**Data for the task**
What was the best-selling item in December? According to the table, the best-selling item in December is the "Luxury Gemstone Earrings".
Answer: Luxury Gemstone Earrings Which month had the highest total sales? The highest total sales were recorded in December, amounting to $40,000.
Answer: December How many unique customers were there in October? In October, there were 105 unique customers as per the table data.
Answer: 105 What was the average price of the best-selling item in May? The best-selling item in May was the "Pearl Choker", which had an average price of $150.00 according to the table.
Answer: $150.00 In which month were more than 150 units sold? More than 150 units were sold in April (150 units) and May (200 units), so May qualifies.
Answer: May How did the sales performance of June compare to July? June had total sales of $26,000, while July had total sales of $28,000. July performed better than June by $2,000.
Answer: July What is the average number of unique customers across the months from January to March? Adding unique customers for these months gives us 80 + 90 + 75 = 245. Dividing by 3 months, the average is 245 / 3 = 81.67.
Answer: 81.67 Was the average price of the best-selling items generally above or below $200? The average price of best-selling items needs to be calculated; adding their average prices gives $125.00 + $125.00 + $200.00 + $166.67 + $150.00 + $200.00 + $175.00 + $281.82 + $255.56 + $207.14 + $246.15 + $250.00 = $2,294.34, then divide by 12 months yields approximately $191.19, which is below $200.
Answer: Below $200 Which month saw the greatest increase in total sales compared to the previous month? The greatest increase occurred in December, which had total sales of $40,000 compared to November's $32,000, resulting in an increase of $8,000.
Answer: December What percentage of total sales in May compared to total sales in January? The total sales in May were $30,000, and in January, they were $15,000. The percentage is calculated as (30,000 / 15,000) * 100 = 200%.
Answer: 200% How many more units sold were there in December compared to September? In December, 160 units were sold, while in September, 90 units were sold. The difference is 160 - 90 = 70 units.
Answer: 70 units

* * *

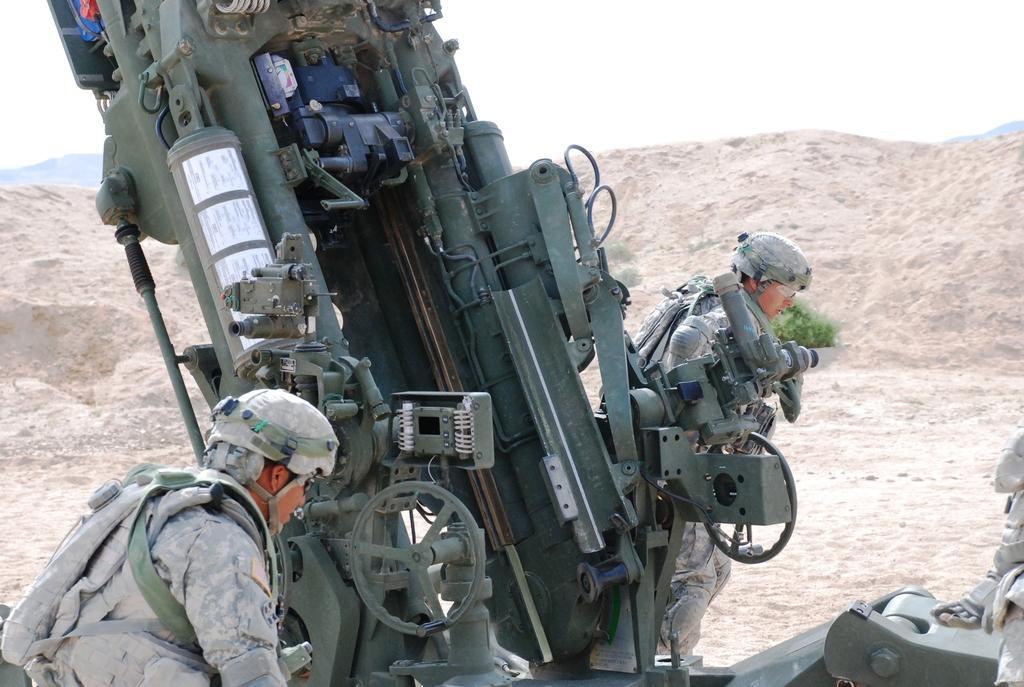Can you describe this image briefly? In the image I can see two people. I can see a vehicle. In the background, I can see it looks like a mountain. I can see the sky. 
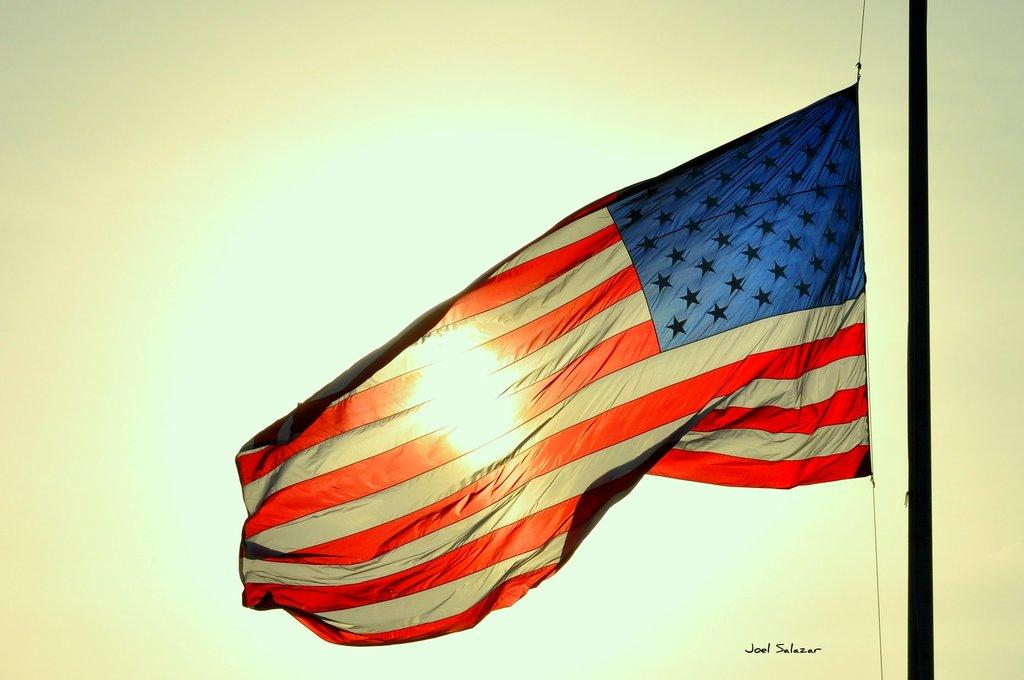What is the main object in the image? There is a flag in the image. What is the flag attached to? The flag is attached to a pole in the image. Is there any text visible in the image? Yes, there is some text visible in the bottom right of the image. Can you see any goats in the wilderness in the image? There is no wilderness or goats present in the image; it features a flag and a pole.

**Task goal**
Where a line in the records above includes the string "Luxury", show it.

**Answer**
What was the best-selling item in December? According to the table, the best-selling item in December is the "Luxury Gemstone Earrings".
Answer: Luxury Gemstone Earrings Which month had the highest total sales? The highest total sales were recorded in December, amounting to $40,000.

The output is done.